-------- Given records

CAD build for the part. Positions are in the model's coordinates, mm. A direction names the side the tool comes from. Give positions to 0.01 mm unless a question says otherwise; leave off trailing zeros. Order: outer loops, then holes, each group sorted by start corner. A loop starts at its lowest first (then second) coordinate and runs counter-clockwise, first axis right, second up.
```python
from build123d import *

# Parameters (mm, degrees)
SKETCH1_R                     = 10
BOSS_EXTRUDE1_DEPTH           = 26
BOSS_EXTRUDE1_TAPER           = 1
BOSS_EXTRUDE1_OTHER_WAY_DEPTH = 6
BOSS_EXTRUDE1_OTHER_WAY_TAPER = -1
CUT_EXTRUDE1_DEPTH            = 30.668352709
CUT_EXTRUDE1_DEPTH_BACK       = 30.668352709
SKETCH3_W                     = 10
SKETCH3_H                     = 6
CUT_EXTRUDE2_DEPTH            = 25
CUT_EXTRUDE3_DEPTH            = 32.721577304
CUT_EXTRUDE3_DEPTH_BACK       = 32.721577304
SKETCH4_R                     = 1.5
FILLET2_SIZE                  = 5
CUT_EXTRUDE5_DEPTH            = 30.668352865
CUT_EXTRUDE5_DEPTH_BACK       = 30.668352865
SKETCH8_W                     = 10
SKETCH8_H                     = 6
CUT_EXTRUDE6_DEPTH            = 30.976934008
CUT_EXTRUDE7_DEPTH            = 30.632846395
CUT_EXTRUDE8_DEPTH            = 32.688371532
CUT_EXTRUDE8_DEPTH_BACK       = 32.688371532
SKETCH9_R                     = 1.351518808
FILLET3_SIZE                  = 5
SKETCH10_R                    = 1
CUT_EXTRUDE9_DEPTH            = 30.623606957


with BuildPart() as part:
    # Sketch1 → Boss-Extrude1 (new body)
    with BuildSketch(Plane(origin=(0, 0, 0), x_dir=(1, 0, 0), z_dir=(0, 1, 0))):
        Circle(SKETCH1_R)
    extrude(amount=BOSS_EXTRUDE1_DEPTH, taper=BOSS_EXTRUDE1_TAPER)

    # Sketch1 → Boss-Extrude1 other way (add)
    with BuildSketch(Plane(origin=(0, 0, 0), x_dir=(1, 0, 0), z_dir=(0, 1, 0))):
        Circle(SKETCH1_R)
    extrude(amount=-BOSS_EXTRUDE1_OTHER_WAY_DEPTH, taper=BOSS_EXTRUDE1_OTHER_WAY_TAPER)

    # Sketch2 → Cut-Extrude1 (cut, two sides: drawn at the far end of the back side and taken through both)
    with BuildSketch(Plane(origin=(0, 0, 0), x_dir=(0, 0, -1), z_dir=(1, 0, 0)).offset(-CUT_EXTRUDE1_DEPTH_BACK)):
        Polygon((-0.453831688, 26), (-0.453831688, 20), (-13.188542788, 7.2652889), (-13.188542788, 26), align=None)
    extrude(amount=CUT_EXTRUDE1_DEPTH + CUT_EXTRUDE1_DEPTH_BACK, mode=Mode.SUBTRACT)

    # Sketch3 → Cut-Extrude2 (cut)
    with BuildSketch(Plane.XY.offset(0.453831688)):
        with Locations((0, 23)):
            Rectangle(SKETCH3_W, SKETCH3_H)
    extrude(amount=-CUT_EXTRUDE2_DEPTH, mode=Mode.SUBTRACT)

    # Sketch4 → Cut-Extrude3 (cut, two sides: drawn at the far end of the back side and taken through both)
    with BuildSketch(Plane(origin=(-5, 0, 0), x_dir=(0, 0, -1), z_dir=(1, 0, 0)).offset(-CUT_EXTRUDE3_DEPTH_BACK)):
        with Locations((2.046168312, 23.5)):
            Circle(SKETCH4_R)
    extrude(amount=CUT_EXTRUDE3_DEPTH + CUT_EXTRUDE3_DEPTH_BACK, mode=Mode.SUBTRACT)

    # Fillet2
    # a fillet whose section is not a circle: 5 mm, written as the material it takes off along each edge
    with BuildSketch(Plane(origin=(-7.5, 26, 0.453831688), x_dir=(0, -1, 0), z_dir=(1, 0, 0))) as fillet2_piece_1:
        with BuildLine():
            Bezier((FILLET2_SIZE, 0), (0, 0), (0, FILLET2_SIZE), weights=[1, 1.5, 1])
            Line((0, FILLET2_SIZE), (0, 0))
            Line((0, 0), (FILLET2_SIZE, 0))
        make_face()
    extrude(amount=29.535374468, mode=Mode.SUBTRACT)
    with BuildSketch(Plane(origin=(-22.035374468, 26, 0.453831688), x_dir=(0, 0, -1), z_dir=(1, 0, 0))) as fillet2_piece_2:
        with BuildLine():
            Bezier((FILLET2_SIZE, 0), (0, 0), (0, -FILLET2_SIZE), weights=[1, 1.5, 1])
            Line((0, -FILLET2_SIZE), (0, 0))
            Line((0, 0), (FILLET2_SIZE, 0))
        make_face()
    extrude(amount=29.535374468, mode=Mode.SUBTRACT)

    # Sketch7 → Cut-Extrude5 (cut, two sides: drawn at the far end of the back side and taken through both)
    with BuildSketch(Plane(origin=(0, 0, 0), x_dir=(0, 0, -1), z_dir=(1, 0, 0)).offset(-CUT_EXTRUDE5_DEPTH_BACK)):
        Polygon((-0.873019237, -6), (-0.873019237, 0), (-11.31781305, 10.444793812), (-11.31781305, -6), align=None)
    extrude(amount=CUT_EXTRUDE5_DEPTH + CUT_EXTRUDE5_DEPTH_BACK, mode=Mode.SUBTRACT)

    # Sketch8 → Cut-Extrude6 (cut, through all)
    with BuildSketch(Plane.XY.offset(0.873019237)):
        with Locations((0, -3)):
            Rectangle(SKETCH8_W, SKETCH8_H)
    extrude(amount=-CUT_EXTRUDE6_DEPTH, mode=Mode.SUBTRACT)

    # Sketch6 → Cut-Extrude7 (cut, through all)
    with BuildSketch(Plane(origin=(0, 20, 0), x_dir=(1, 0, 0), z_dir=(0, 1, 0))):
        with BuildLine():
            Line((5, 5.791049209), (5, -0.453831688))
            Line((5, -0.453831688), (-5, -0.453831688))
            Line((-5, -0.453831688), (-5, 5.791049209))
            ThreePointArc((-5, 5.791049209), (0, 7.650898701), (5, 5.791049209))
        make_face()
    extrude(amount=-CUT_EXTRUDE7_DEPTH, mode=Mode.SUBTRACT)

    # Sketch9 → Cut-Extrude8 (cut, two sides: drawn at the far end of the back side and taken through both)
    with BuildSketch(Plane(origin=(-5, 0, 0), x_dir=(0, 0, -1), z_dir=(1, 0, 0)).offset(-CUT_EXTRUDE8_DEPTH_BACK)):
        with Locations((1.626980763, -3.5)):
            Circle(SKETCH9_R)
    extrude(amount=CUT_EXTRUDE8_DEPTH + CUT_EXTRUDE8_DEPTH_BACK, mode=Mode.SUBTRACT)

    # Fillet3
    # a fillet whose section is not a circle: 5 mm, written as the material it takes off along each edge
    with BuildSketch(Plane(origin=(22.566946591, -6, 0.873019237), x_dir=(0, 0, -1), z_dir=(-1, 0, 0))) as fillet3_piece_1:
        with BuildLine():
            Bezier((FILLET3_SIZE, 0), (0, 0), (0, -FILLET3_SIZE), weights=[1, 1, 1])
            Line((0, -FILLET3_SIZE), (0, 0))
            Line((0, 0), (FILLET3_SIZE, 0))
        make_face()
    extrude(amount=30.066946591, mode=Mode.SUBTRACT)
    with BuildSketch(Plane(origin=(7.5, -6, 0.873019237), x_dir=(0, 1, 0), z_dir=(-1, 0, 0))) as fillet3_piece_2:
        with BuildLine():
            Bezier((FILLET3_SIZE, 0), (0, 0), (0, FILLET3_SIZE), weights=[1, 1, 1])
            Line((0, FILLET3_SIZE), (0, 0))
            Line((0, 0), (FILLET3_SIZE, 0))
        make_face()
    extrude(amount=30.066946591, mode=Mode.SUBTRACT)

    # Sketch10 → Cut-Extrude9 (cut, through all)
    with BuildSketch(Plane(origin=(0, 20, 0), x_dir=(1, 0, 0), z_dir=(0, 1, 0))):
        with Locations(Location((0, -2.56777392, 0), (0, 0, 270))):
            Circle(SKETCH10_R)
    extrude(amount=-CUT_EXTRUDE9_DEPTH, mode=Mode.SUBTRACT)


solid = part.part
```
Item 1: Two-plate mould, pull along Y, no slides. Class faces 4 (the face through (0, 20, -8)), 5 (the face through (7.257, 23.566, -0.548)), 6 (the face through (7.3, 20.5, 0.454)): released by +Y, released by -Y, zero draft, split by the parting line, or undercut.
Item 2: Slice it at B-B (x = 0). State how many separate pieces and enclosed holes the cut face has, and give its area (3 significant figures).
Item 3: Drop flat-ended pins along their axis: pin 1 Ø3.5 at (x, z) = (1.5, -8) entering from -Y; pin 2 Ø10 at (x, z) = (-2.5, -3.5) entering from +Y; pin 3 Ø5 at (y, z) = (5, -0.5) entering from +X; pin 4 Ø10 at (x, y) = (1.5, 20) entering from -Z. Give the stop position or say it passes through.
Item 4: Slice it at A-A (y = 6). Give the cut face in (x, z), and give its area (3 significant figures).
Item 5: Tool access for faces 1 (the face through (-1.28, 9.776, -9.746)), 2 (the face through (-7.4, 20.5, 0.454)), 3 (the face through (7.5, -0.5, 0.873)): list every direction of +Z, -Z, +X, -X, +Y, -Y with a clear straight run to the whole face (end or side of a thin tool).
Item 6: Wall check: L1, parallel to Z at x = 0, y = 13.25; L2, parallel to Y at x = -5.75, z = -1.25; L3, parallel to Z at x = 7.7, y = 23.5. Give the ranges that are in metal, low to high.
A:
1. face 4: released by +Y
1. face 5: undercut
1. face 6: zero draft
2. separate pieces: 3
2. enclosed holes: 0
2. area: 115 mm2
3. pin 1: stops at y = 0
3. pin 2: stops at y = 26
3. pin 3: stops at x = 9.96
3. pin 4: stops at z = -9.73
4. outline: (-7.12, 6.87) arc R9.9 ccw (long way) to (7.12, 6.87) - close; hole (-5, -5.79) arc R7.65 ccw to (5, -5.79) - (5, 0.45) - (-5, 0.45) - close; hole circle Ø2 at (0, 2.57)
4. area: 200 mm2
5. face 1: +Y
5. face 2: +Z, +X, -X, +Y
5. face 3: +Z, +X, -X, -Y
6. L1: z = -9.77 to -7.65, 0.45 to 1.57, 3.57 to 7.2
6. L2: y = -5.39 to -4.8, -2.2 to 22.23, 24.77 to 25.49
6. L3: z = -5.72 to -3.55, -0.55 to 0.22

----------------

Your answer should consist of the lines above that hold the word "weights", copied exactly.

            Bezier((FILLET2_SIZE, 0), (0, 0), (0, FILLET2_SIZE), weights=[1, 1.5, 1])
            Bezier((FILLET2_SIZE, 0), (0, 0), (0, -FILLET2_SIZE), weights=[1, 1.5, 1])
            Bezier((FILLET3_SIZE, 0), (0, 0), (0, -FILLET3_SIZE), weights=[1, 1, 1])
            Bezier((FILLET3_SIZE, 0), (0, 0), (0, FILLET3_SIZE), weights=[1, 1, 1])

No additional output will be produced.